● Records for the exercise:
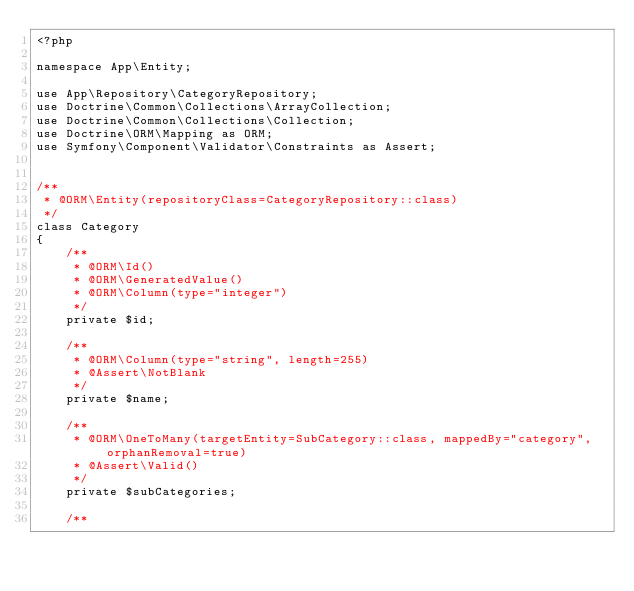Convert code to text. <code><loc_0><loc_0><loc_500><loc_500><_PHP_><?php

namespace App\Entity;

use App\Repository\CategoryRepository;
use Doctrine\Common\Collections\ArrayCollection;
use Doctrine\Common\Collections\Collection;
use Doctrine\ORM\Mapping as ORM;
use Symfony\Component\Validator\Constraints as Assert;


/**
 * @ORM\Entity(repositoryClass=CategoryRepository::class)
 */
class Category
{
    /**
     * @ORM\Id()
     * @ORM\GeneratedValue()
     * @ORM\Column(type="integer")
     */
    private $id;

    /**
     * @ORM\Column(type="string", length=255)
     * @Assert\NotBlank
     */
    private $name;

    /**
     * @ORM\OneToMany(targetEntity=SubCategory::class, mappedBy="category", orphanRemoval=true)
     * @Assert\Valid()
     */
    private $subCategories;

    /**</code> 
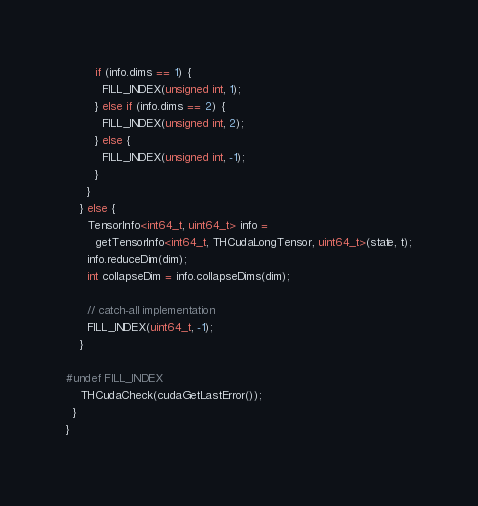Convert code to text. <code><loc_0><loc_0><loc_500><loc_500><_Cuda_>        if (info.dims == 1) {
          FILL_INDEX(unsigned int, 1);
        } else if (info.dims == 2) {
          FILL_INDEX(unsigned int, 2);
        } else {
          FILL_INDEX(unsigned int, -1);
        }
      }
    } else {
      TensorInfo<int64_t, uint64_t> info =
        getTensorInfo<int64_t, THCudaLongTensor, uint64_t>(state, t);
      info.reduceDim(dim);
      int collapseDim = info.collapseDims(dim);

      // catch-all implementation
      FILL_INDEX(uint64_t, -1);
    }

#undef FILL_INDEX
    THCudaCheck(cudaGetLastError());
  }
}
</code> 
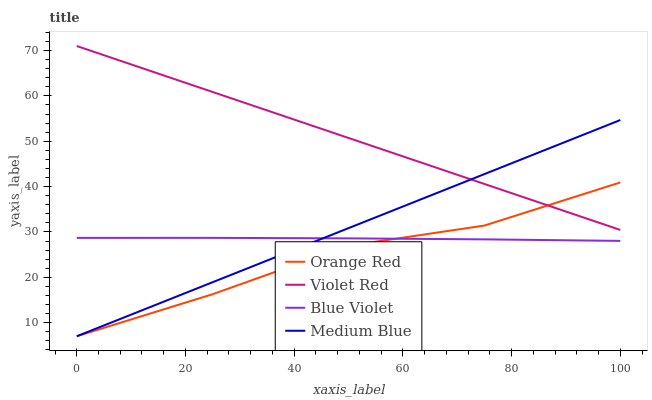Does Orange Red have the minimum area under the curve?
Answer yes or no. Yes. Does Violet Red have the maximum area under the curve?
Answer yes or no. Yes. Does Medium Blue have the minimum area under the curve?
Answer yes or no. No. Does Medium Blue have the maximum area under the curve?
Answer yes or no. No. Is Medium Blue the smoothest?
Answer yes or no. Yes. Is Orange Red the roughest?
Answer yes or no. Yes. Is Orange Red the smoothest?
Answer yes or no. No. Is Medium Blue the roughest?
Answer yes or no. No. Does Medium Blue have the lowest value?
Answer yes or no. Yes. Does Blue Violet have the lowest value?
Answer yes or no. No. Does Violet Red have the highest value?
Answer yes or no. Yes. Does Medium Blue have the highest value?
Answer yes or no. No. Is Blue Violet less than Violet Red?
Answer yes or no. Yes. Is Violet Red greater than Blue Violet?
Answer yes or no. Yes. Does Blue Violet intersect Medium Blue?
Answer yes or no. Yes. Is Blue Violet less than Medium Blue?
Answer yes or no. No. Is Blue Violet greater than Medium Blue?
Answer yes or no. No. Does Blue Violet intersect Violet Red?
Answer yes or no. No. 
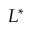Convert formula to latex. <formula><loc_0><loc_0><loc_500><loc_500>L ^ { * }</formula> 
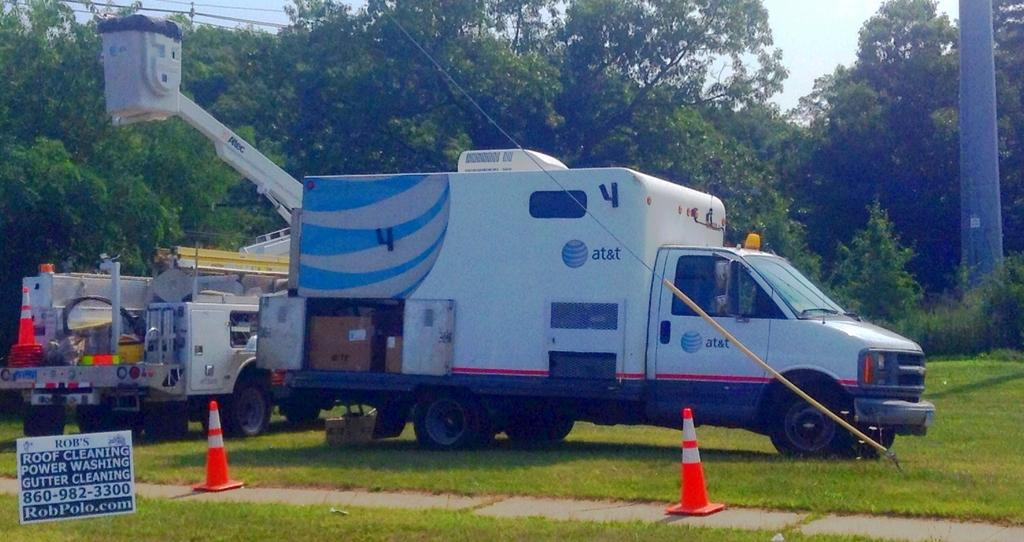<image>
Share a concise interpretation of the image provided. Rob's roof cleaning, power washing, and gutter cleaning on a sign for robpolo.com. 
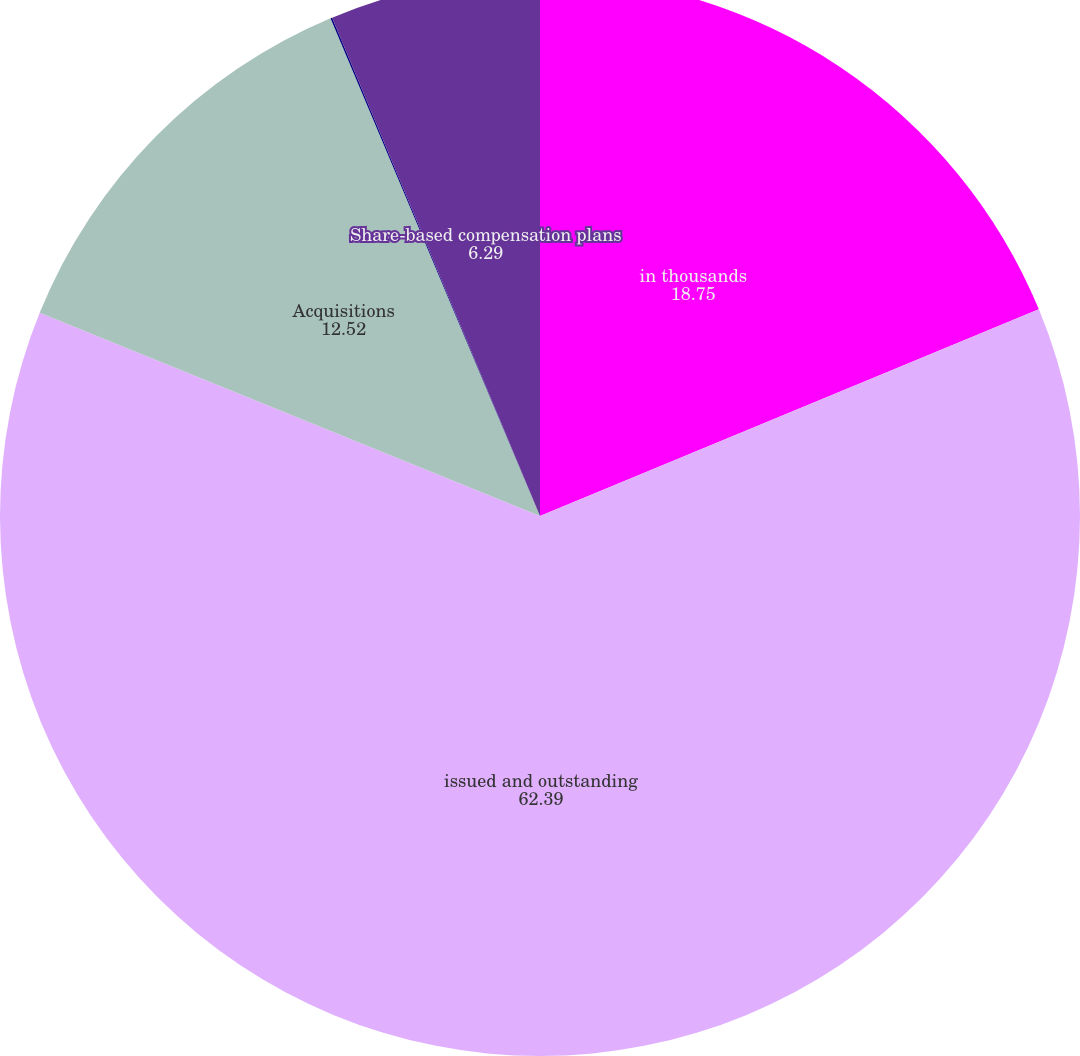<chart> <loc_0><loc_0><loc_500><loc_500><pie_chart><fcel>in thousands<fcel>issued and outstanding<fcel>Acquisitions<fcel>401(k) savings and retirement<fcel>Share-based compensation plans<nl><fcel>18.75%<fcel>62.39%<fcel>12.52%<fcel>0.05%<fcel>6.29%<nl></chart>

● About this task: All of the entries must be reproduced exactly, apart from the pictures, which are to be dropped.

● Solution to the problem:
Convert code to text. <code><loc_0><loc_0><loc_500><loc_500><_PHP_><?php

namespace App\Entity;

use App\Repository\CategoryRepository;
use Doctrine\Common\Collections\ArrayCollection;
use Doctrine\Common\Collections\Collection;
use Doctrine\ORM\Mapping as ORM;
use Symfony\Component\Validator\Constraints as Assert;


/**
 * @ORM\Entity(repositoryClass=CategoryRepository::class)
 */
class Category
{
    /**
     * @ORM\Id()
     * @ORM\GeneratedValue()
     * @ORM\Column(type="integer")
     */
    private $id;

    /**
     * @ORM\Column(type="string", length=255)
     * @Assert\NotBlank
     */
    private $name;

    /**
     * @ORM\OneToMany(targetEntity=SubCategory::class, mappedBy="category", orphanRemoval=true)
     * @Assert\Valid()
     */
    private $subCategories;

    /**</code> 
Convert code to text. <code><loc_0><loc_0><loc_500><loc_500><_Cuda_>        if (info.dims == 1) {
          FILL_INDEX(unsigned int, 1);
        } else if (info.dims == 2) {
          FILL_INDEX(unsigned int, 2);
        } else {
          FILL_INDEX(unsigned int, -1);
        }
      }
    } else {
      TensorInfo<int64_t, uint64_t> info =
        getTensorInfo<int64_t, THCudaLongTensor, uint64_t>(state, t);
      info.reduceDim(dim);
      int collapseDim = info.collapseDims(dim);

      // catch-all implementation
      FILL_INDEX(uint64_t, -1);
    }

#undef FILL_INDEX
    THCudaCheck(cudaGetLastError());
  }
}
</code> 
Does Orange Red have the minimum area under the curve?
Answer yes or no. Yes. Does Violet Red have the maximum area under the curve?
Answer yes or no. Yes. Does Medium Blue have the minimum area under the curve?
Answer yes or no. No. Does Medium Blue have the maximum area under the curve?
Answer yes or no. No. Is Medium Blue the smoothest?
Answer yes or no. Yes. Is Orange Red the roughest?
Answer yes or no. Yes. Is Orange Red the smoothest?
Answer yes or no. No. Is Medium Blue the roughest?
Answer yes or no. No. Does Medium Blue have the lowest value?
Answer yes or no. Yes. Does Blue Violet have the lowest value?
Answer yes or no. No. Does Violet Red have the highest value?
Answer yes or no. Yes. Does Medium Blue have the highest value?
Answer yes or no. No. Is Blue Violet less than Violet Red?
Answer yes or no. Yes. Is Violet Red greater than Blue Violet?
Answer yes or no. Yes. Does Blue Violet intersect Medium Blue?
Answer yes or no. Yes. Is Blue Violet less than Medium Blue?
Answer yes or no. No. Is Blue Violet greater than Medium Blue?
Answer yes or no. No. Does Blue Violet intersect Violet Red?
Answer yes or no. No. 
Convert formula to latex. <formula><loc_0><loc_0><loc_500><loc_500>L ^ { * }</formula> 
<image>
Share a concise interpretation of the image provided. Rob's roof cleaning, power washing, and gutter cleaning on a sign for robpolo.com. 
<chart> <loc_0><loc_0><loc_500><loc_500><pie_chart><fcel>in thousands<fcel>issued and outstanding<fcel>Acquisitions<fcel>401(k) savings and retirement<fcel>Share-based compensation plans<nl><fcel>18.75%<fcel>62.39%<fcel>12.52%<fcel>0.05%<fcel>6.29%<nl></chart>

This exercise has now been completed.